Does The Cosmological Constant Problem Exist?

TL;DR

This paper argues that the cosmological constant problem is a misconception rooted in the assumption of a fundamental space-time background, proposing a symmetry-based approach that eliminates the need for dark energy explanations.

Contribution

It introduces a formulation of quantum theory based on Lie algebra symmetries instead of space-time backgrounds, challenging the traditional view of the cosmological constant.

Findings

Quantum theory should be based on symmetry algebras, not space-time backgrounds.

The non-zero cosmological constant reflects de Sitter symmetry, not space-time curvature.

The problem is reinterpreted as understanding why Poincare symmetry is an excellent approximation today.

Abstract

We first give simple arguments in favor of the "Zero Constants Party", i.e. that quantum theory should not contain fundamental dimensionful constants at all.
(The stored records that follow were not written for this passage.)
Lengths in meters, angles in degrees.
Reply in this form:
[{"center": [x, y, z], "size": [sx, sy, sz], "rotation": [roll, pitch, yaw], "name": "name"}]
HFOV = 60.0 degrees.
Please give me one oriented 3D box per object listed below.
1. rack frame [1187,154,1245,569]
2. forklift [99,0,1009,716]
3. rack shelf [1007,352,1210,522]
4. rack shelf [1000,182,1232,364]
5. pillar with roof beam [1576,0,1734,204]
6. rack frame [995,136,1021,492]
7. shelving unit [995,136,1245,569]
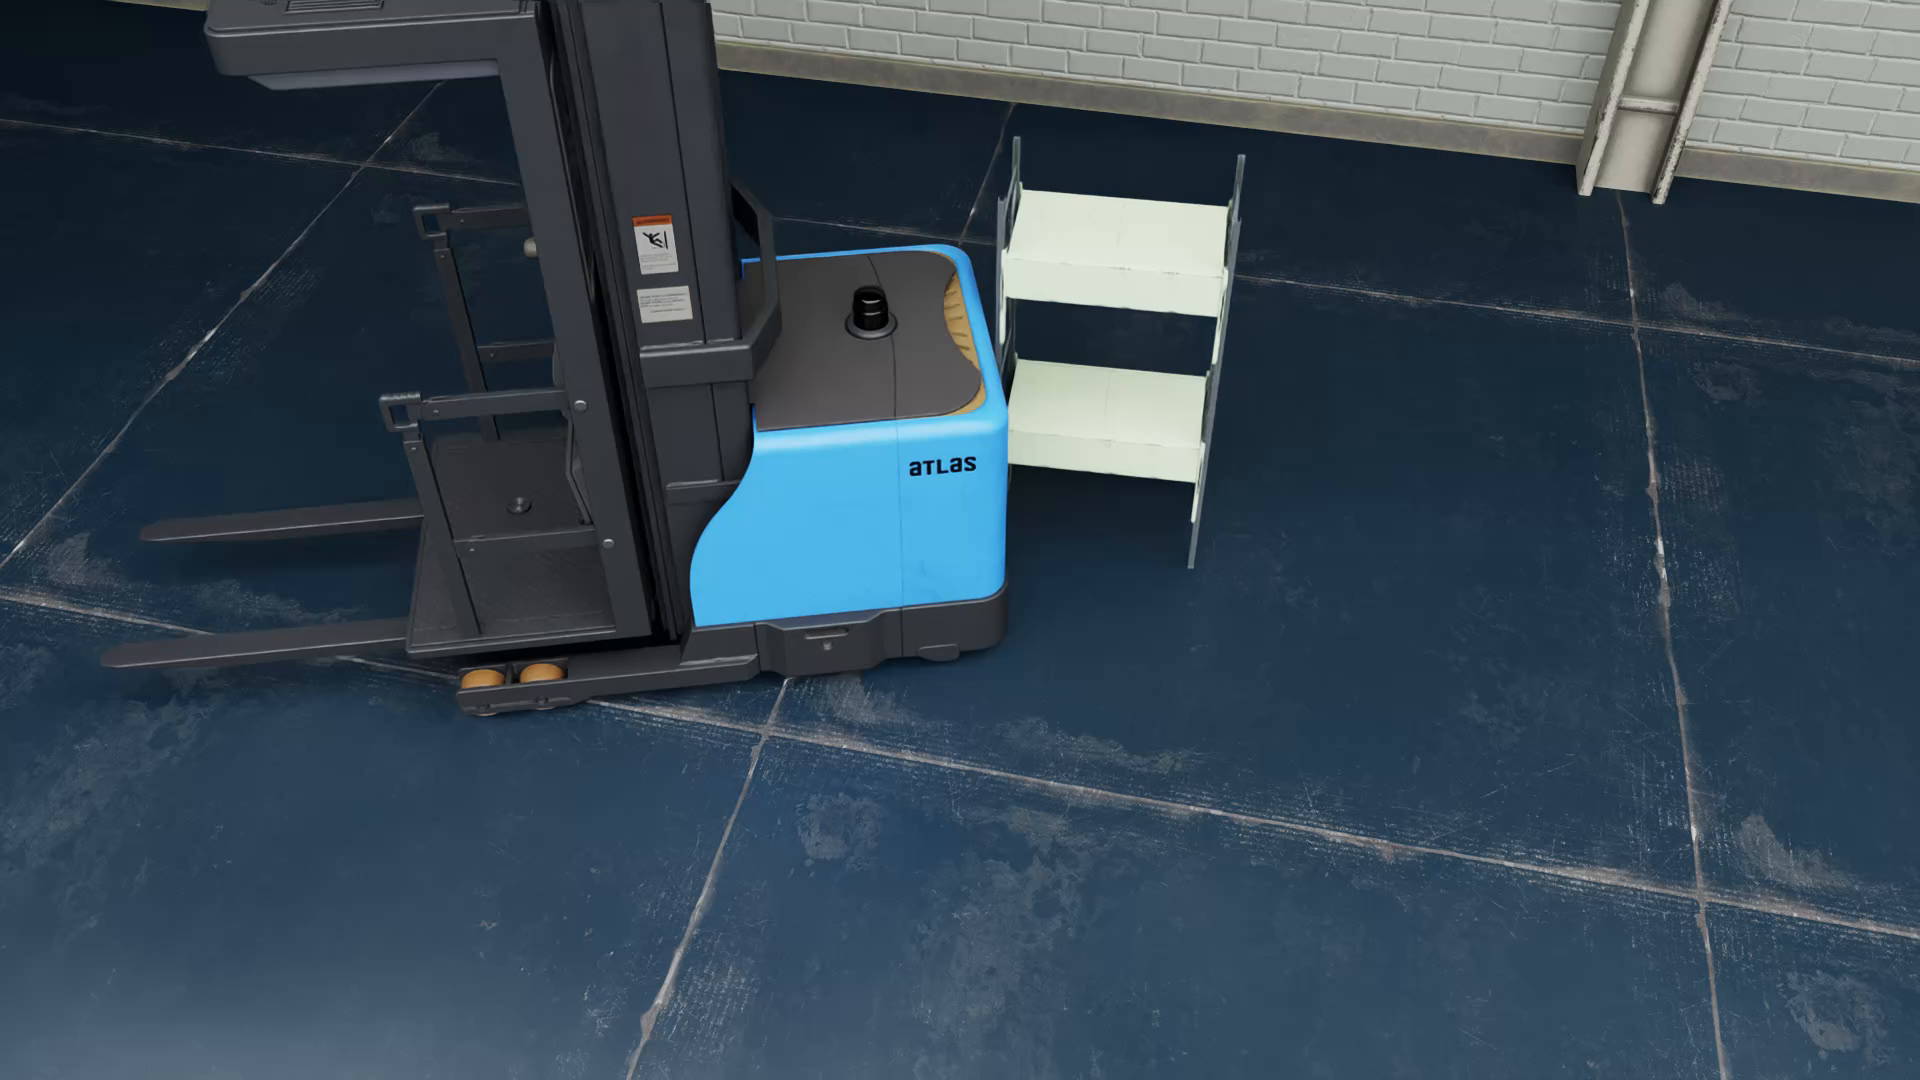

Then we argue that quantum theory should proceed not from a space-time background but from a Lie algebra, which is treated as a symmetry algebra. With such a formulation of symmetry, the fact that $\Lambda\neq 0$ means not that the space-time background is curved (since the notion of the space-time background is not physical) but that the symmetry algebra is the de Sitter algebra rather than the Poincare one. In particular, there is no need to involve dark energy or other fields for explaining this fact. As a consequence, instead of the cosmological constant problem we have a problem why nowadays Poincare symmetry is so good approximate symmetry. This is rather a problem of cosmology but not fundamental quantum physics.